▸ **Record extracts**:
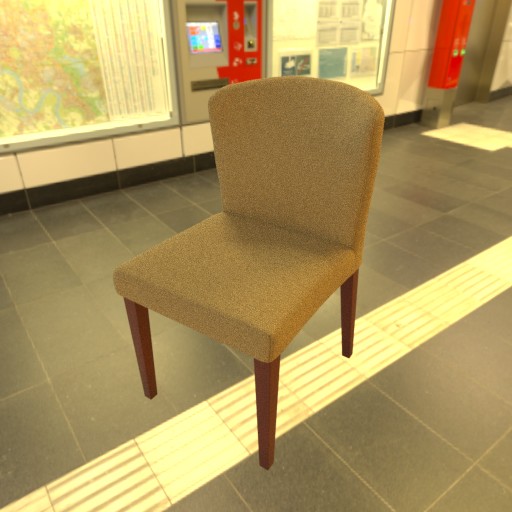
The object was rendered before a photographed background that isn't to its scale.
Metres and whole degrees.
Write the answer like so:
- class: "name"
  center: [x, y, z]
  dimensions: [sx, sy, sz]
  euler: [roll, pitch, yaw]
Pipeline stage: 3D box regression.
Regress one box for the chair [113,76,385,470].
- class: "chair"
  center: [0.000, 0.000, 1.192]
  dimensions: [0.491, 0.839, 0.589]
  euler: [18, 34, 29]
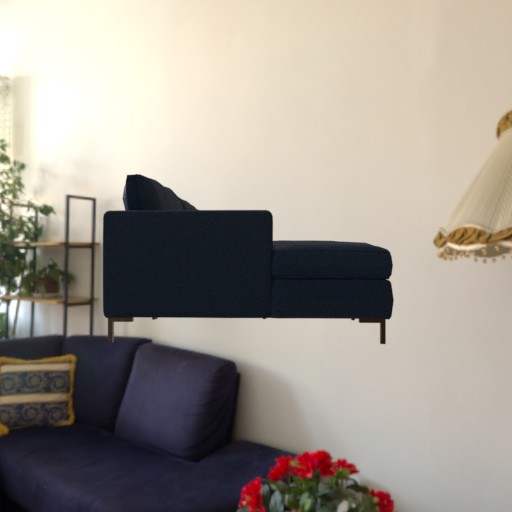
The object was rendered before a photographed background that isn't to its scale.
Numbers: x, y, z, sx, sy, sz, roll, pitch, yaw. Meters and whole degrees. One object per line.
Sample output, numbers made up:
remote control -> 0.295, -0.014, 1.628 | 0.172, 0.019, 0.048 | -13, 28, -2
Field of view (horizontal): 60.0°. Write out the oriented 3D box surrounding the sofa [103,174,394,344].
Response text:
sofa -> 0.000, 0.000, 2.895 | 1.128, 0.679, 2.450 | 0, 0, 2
---
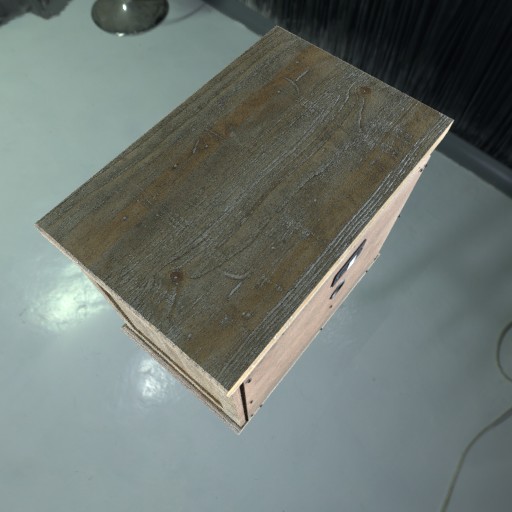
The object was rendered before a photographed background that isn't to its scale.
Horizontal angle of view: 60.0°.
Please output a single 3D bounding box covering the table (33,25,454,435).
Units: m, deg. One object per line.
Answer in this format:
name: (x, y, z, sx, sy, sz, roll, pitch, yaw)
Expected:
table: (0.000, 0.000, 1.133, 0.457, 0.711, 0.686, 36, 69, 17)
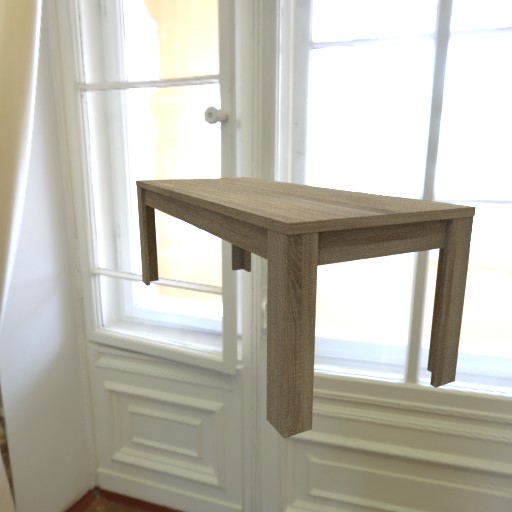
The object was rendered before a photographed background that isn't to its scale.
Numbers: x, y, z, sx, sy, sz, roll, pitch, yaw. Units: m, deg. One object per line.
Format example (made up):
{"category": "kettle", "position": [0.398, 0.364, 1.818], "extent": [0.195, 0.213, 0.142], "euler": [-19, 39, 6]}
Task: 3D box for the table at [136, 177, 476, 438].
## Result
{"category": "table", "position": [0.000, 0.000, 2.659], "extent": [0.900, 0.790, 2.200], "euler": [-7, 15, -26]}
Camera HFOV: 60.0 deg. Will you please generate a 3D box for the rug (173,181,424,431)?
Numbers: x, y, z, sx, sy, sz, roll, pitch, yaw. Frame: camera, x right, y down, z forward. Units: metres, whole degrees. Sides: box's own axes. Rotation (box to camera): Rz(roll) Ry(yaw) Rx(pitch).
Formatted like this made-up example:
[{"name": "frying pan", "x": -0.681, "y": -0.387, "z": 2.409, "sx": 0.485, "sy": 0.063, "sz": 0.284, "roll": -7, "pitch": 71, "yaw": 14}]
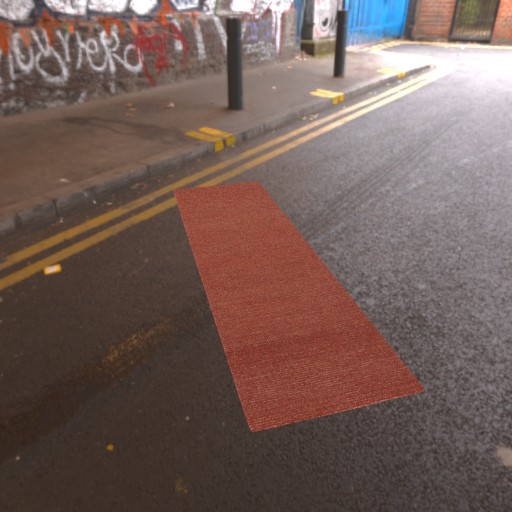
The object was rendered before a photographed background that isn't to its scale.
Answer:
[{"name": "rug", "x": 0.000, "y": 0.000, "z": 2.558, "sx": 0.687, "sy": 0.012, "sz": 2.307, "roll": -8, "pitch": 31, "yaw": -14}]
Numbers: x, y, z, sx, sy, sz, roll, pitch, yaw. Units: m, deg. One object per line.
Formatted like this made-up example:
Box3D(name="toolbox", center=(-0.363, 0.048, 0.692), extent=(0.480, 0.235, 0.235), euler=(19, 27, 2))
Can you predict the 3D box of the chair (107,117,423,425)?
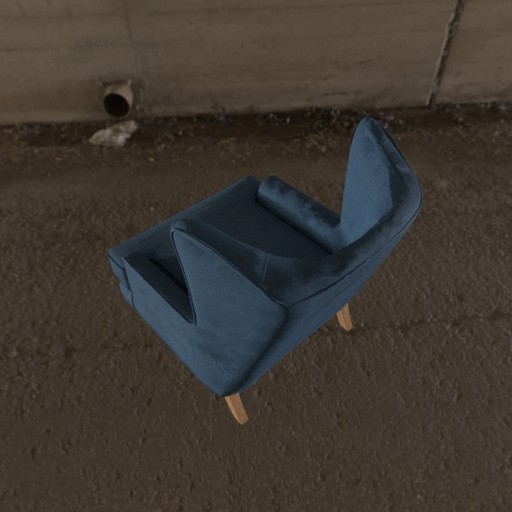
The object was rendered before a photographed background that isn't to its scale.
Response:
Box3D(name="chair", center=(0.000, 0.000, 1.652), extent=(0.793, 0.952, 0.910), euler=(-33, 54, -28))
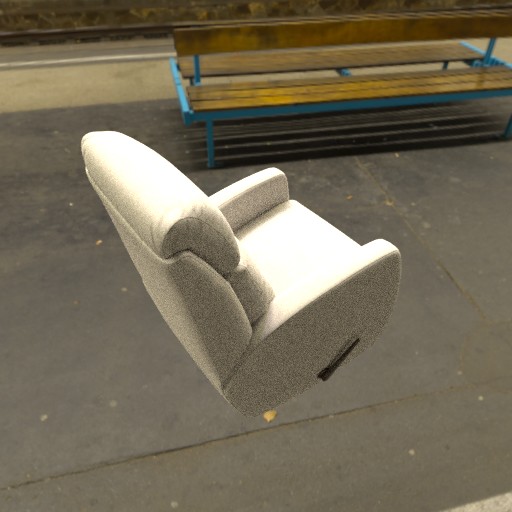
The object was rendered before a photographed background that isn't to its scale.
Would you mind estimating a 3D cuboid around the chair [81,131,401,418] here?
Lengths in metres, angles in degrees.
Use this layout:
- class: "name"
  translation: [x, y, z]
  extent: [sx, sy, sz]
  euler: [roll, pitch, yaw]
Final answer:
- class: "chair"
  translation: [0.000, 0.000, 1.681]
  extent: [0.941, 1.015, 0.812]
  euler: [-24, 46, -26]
==
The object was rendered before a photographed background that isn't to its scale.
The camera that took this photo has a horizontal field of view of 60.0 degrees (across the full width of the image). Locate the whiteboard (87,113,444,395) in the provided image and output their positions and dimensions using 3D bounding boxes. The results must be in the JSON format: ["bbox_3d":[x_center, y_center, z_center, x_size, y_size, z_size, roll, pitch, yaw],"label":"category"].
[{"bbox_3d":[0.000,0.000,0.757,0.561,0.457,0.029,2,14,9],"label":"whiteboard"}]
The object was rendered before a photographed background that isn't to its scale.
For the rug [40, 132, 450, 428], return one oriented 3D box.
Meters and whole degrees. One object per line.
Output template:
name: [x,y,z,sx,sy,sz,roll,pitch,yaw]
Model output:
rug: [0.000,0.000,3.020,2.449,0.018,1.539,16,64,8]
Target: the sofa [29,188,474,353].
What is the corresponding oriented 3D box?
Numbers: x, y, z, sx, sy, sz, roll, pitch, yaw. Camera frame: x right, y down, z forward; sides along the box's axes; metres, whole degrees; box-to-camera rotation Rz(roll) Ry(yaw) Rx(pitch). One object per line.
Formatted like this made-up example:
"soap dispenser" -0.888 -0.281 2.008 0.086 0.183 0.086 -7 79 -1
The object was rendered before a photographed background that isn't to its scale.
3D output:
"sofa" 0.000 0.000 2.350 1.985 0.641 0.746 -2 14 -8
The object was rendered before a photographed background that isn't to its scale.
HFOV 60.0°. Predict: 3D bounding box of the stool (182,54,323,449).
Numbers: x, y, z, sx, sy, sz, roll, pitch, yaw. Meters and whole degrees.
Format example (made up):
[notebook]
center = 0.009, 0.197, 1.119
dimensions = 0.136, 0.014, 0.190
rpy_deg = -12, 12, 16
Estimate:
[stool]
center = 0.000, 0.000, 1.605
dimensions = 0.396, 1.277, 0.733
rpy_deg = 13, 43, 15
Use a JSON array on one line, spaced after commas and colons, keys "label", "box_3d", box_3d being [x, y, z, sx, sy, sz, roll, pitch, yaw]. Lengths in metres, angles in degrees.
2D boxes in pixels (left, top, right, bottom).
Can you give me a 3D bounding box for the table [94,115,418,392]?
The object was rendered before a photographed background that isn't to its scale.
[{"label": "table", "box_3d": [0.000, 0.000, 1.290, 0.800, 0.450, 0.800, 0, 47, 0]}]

▸ **Problem details**:
Copy all the lines above that hold the string "down".

▸ **Answer section**:
Numbers: x, y, z, sx, sy, sz, roll, pitch, yaw. Frame: camera, x right, y down, z forward. Units: metres, whole degrees. Sides: box's own axes. Rotation (box to camera): Rz(roll) Ry(yaw) Rx(pitch).
Numbers: x, y, z, sx, sy, sz, roll, pitch, yaw. Camera frame: x right, y down, z forward; sides along the box's axes; metres, whole degrees; box-to-camera rotation Rz(roll) Ry(yaw) Rx(pitch). One object per line.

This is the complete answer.